- WHAT THE EXERCISE ASKS
Copy all of the records exactly.

[Data records]
Segment Open
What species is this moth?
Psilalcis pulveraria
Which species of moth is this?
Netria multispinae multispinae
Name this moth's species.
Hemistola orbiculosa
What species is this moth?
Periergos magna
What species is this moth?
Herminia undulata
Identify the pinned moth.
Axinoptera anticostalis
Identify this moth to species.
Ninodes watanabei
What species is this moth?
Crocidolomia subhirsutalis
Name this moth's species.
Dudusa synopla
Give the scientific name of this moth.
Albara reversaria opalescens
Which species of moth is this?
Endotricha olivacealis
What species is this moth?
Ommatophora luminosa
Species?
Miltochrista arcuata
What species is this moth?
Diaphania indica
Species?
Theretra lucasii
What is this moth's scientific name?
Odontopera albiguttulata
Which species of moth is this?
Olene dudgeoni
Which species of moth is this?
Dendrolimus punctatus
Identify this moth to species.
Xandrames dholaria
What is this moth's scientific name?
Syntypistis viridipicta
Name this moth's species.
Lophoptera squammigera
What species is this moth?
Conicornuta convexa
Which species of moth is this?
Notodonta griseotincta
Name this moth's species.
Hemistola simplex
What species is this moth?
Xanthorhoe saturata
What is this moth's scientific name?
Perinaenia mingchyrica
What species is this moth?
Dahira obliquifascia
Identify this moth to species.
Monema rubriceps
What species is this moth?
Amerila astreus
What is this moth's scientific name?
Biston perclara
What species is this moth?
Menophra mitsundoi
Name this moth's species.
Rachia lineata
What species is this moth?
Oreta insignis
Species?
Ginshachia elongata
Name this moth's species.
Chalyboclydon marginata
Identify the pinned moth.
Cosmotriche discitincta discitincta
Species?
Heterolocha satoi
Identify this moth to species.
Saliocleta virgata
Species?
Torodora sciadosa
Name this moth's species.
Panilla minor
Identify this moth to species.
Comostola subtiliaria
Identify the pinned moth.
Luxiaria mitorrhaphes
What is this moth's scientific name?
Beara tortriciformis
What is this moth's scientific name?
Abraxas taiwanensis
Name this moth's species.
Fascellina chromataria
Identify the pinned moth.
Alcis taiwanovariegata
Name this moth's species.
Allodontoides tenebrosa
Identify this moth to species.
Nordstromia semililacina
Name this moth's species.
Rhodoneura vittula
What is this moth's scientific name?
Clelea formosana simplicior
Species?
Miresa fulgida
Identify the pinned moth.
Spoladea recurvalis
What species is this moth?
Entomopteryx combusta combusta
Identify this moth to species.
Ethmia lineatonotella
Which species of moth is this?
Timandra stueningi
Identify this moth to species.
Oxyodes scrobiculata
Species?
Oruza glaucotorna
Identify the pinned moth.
Segment Closed
- FINISHED TASK
What species is this moth?
Psilalcis pulveraria
Which species of moth is this?
Netria multispinae multispinae
Name this moth's species.
Hemistola orbiculosa
What species is this moth?
Periergos magna
What species is this moth?
Herminia undulata
Identify the pinned moth.
Axinoptera anticostalis
Identify this moth to species.
Ninodes watanabei
What species is this moth?
Crocidolomia subhirsutalis
Name this moth's species.
Dudusa synopla
Give the scientific name of this moth.
Albara reversaria opalescens
Which species of moth is this?
Endotricha olivacealis
What species is this moth?
Ommatophora luminosa
Species?
Miltochrista arcuata
What species is this moth?
Diaphania indica
Species?
Theretra lucasii
What is this moth's scientific name?
Odontopera albiguttulata
Which species of moth is this?
Olene dudgeoni
Which species of moth is this?
Dendrolimus punctatus
Identify this moth to species.
Xandrames dholaria
What is this moth's scientific name?
Syntypistis viridipicta
Name this moth's species.
Lophoptera squammigera
What species is this moth?
Conicornuta convexa
Which species of moth is this?
Notodonta griseotincta
Name this moth's species.
Hemistola simplex
What species is this moth?
Xanthorhoe saturata
What is this moth's scientific name?
Perinaenia mingchyrica
What species is this moth?
Dahira obliquifascia
Identify this moth to species.
Monema rubriceps
What species is this moth?
Amerila astreus
What is this moth's scientific name?
Biston perclara
What species is this moth?
Menophra mitsundoi
Name this moth's species.
Rachia lineata
What species is this moth?
Oreta insignis
Species?
Ginshachia elongata
Name this moth's species.
Chalyboclydon marginata
Identify the pinned moth.
Cosmotriche discitincta discitincta
Species?
Heterolocha satoi
Identify this moth to species.
Saliocleta virgata
Species?
Torodora sciadosa
Name this moth's species.
Panilla minor
Identify this moth to species.
Comostola subtiliaria
Identify the pinned moth.
Luxiaria mitorrhaphes
What is this moth's scientific name?
Beara tortriciformis
What is this moth's scientific name?
Abraxas taiwanensis
Name this moth's species.
Fascellina chromataria
Identify the pinned moth.
Alcis taiwanovariegata
Name this moth's species.
Allodontoides tenebrosa
Identify this moth to species.
Nordstromia semililacina
Name this moth's species.
Rhodoneura vittula
What is this moth's scientific name?
Clelea formosana simplicior
Species?
Miresa fulgida
Identify the pinned moth.
Spoladea recurvalis
What species is this moth?
Entomopteryx combusta combusta
Identify this moth to species.
Ethmia lineatonotella
Which species of moth is this?
Timandra stueningi
Identify this moth to species.
Oxyodes scrobiculata
Species?
Oruza glaucotorna
Identify the pinned moth.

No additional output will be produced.